The most boring-seeming companies in America became financial engineers, borrowing cash, buying their own stock, pumping up their share price, and often justifying higher pay packages for their executives….What mattered more was access to debt markets and rising share prices.
Author
I swear that if in my high school days that I was made to learn more about these interesting topics, I may very well have gotten a job in finance. One of the most fascinating things that I’m sure many will learn and be shocked to have learned is how indebted many companies are. We were likely taught from an early age that debt is a bad thing and having too much of it will be disastrous. Well, if that’s truly the case, then I want to know why and how exactly is it that companies with such a huge debt on their balance sheet can still pay their CEO’s and top executives millions and millions of dollars in bonuses. The Lords of Easy Money will show that while many of us normal people tend to believe that injecting more money into our financial system can only be seen as a positive event, the reverse is usually true. It usually benefits the people that already have money, a lot of money, to begin with.
“I see considerable risk in conducting policy with the consequence of transferring income from the poor, those most dependent on fixed income, and the saver to the rich.”

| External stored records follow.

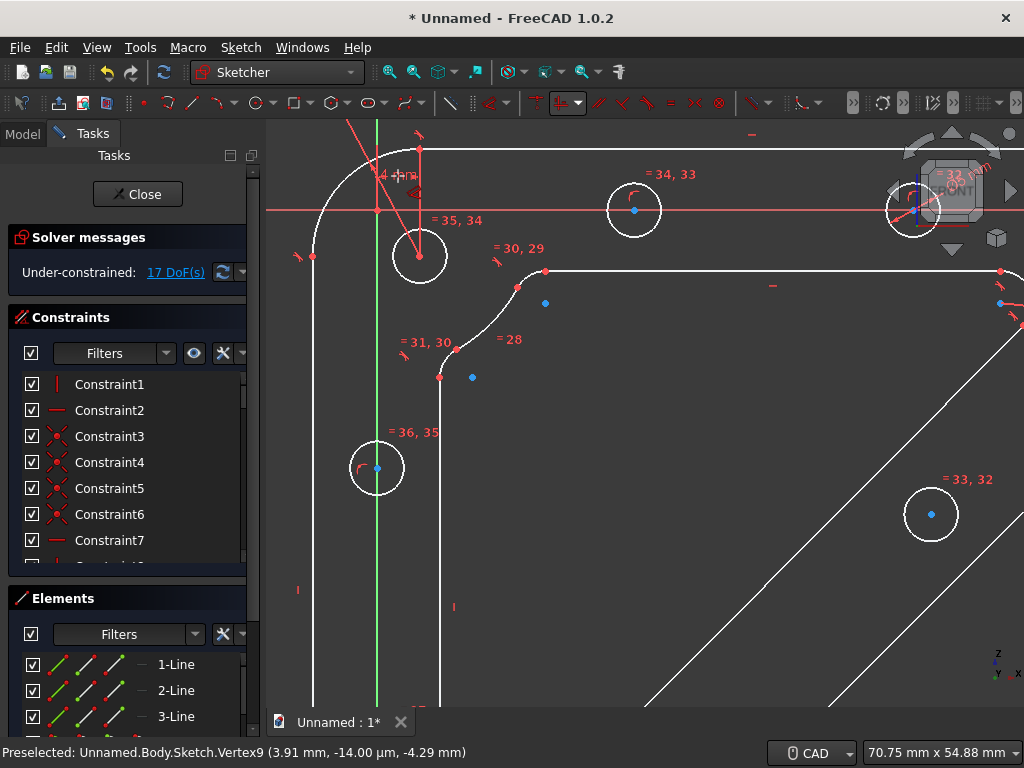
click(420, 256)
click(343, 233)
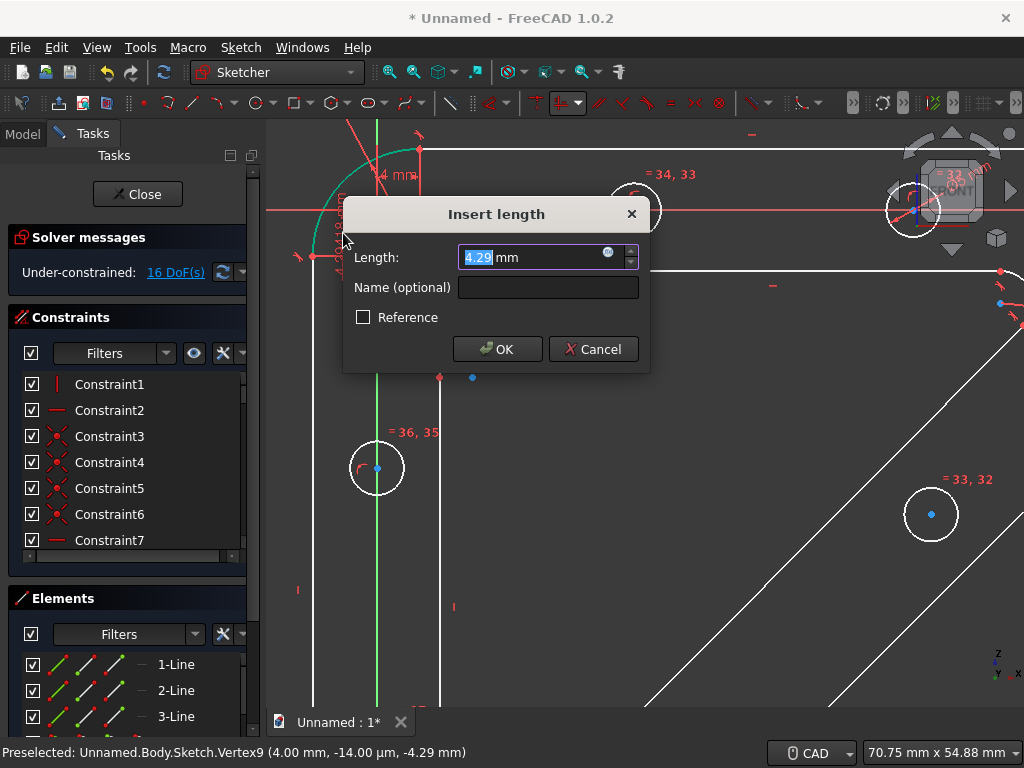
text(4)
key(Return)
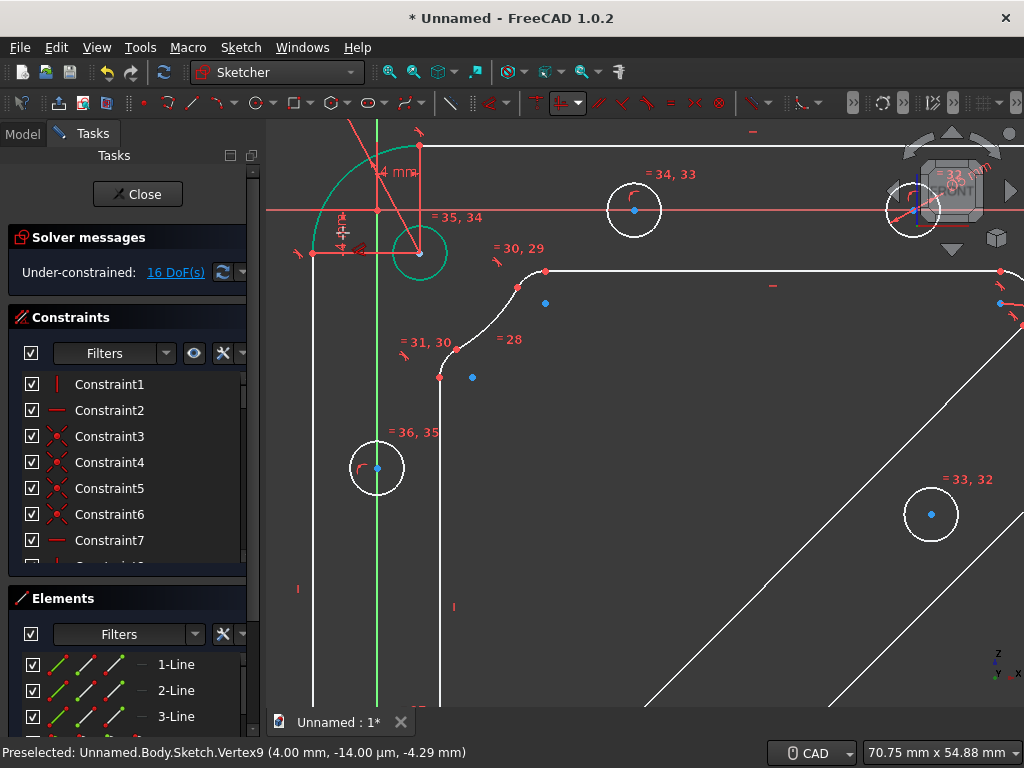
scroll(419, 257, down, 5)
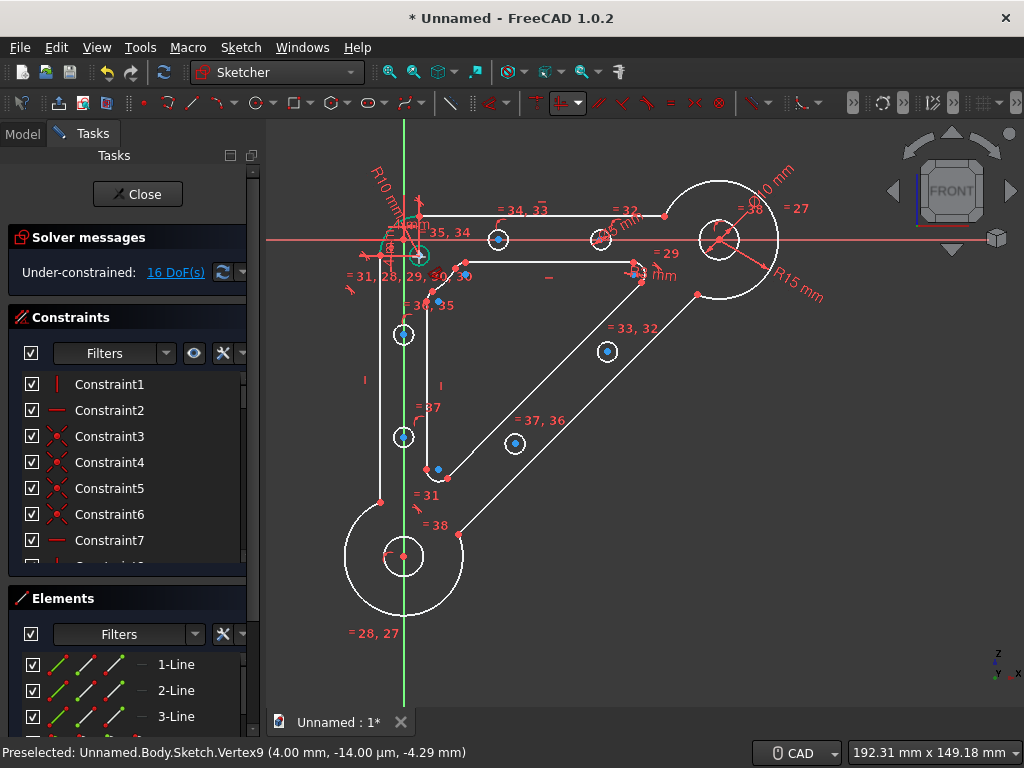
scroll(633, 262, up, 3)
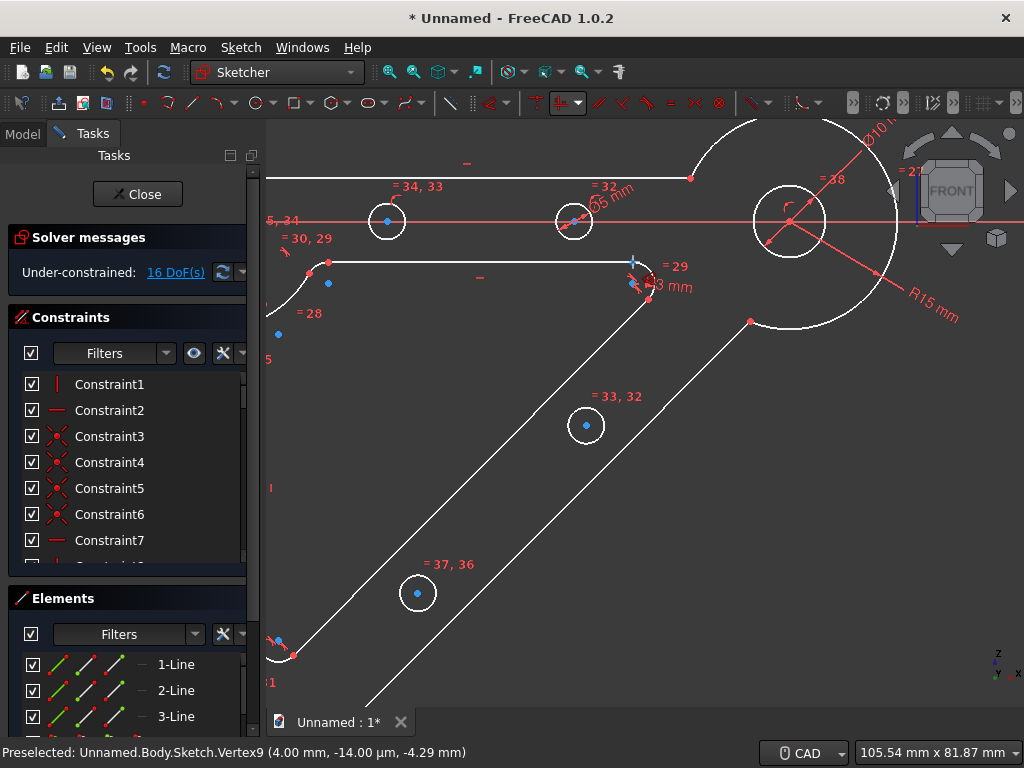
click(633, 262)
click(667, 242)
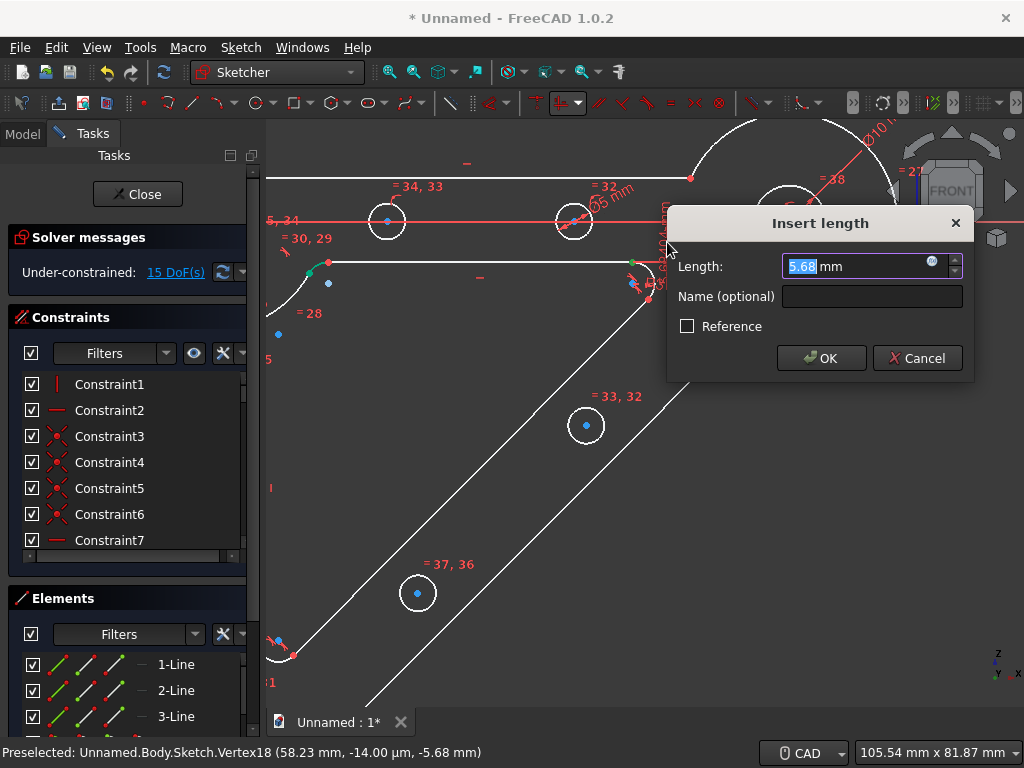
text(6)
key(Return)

Richard Fisher – President of the Federal Reserve Bank of Dallas
There is so much to unpack with this book. At the heart of things, we’ll get to learn how the Federal Reserve is oddly structured along with how they not only created financial problems in the first place but also how they were the fixers as well. For example, I loved how it shows that while the Federal Reserve kept pushing for low interest rates along with a slick monetary policy called quantitative easing, it was basically forcing the big money players along with retailers to invest their money in riskier assets. Once that eventually blew up, it goes to show how it propped it up again by injecting even more money into the system. It’s almost becoming a never ending cycle and dangerous to boost. All that plus so much more is discussed in detail within the book, and the best part is you don’t really have to be a financial geek to understand it. Well, for the most part anyway.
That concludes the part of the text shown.